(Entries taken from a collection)
---------------
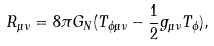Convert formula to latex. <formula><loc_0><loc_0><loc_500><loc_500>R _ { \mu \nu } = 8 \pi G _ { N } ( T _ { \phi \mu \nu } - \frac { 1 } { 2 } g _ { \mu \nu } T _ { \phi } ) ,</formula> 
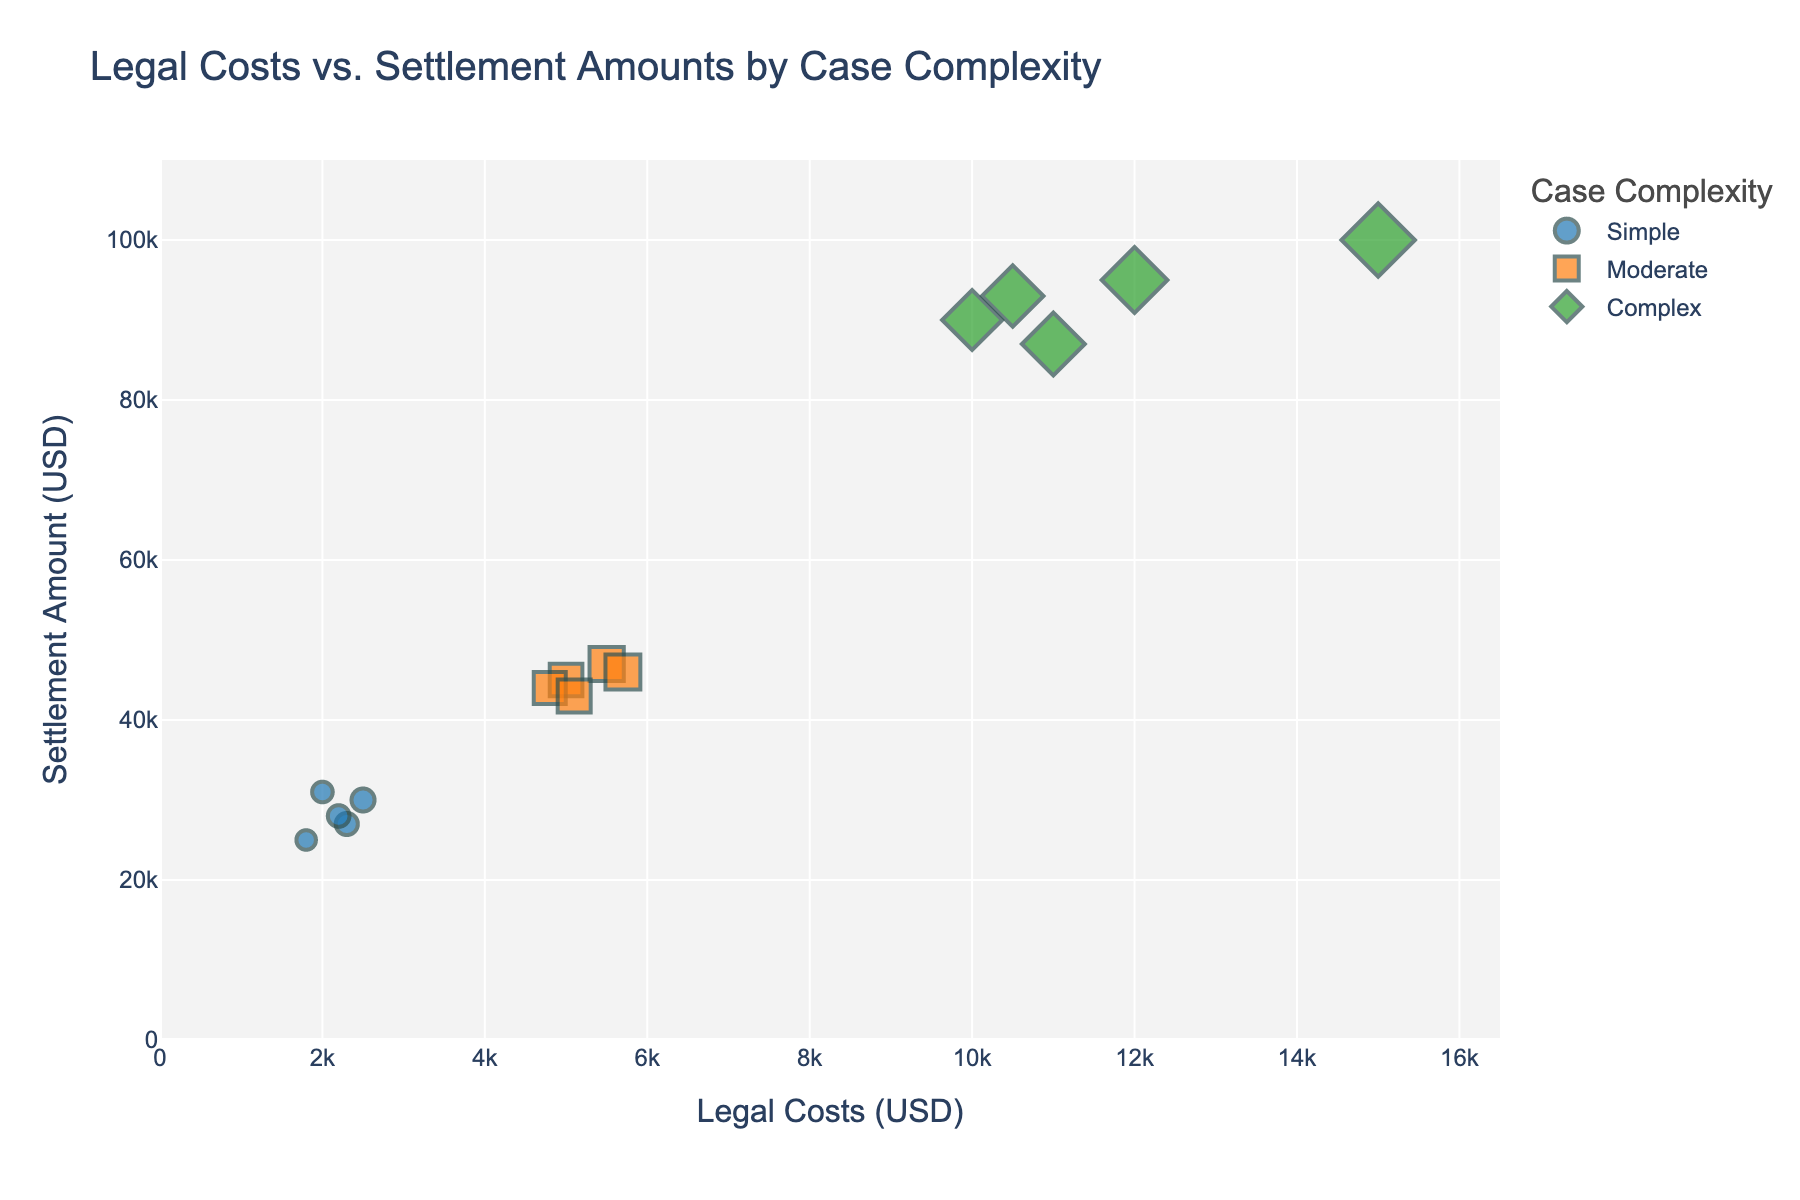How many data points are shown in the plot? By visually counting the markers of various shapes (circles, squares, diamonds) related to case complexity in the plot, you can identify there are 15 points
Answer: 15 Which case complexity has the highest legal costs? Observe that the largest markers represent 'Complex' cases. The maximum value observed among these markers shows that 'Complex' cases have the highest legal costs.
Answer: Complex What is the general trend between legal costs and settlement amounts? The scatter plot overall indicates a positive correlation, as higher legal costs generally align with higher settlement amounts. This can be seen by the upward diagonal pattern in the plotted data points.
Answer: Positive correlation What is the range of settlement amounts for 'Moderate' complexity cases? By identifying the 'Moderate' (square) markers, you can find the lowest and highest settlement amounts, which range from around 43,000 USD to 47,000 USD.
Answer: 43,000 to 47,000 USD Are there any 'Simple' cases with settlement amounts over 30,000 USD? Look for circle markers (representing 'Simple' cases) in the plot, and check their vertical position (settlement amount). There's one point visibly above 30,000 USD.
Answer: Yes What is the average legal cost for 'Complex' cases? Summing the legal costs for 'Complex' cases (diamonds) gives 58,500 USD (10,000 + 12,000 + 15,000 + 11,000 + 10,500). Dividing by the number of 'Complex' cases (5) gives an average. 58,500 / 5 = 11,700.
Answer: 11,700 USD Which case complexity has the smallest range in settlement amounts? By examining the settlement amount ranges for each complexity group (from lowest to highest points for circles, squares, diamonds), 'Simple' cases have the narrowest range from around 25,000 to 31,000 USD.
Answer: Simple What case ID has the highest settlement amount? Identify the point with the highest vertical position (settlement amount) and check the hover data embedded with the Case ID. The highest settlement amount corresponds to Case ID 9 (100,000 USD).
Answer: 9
---------------
Line by line, write out the data above exactly, without the pictures.

Convert formula to latex. <formula><loc_0><loc_0><loc_500><loc_500>R _ { \mu \nu } = 8 \pi G _ { N } ( T _ { \phi \mu \nu } - \frac { 1 } { 2 } g _ { \mu \nu } T _ { \phi } ) ,</formula> 
How many data points are shown in the plot? By visually counting the markers of various shapes (circles, squares, diamonds) related to case complexity in the plot, you can identify there are 15 points
Answer: 15 Which case complexity has the highest legal costs? Observe that the largest markers represent 'Complex' cases. The maximum value observed among these markers shows that 'Complex' cases have the highest legal costs.
Answer: Complex What is the general trend between legal costs and settlement amounts? The scatter plot overall indicates a positive correlation, as higher legal costs generally align with higher settlement amounts. This can be seen by the upward diagonal pattern in the plotted data points.
Answer: Positive correlation What is the range of settlement amounts for 'Moderate' complexity cases? By identifying the 'Moderate' (square) markers, you can find the lowest and highest settlement amounts, which range from around 43,000 USD to 47,000 USD.
Answer: 43,000 to 47,000 USD Are there any 'Simple' cases with settlement amounts over 30,000 USD? Look for circle markers (representing 'Simple' cases) in the plot, and check their vertical position (settlement amount). There's one point visibly above 30,000 USD.
Answer: Yes What is the average legal cost for 'Complex' cases? Summing the legal costs for 'Complex' cases (diamonds) gives 58,500 USD (10,000 + 12,000 + 15,000 + 11,000 + 10,500). Dividing by the number of 'Complex' cases (5) gives an average. 58,500 / 5 = 11,700.
Answer: 11,700 USD Which case complexity has the smallest range in settlement amounts? By examining the settlement amount ranges for each complexity group (from lowest to highest points for circles, squares, diamonds), 'Simple' cases have the narrowest range from around 25,000 to 31,000 USD.
Answer: Simple What case ID has the highest settlement amount? Identify the point with the highest vertical position (settlement amount) and check the hover data embedded with the Case ID. The highest settlement amount corresponds to Case ID 9 (100,000 USD).
Answer: 9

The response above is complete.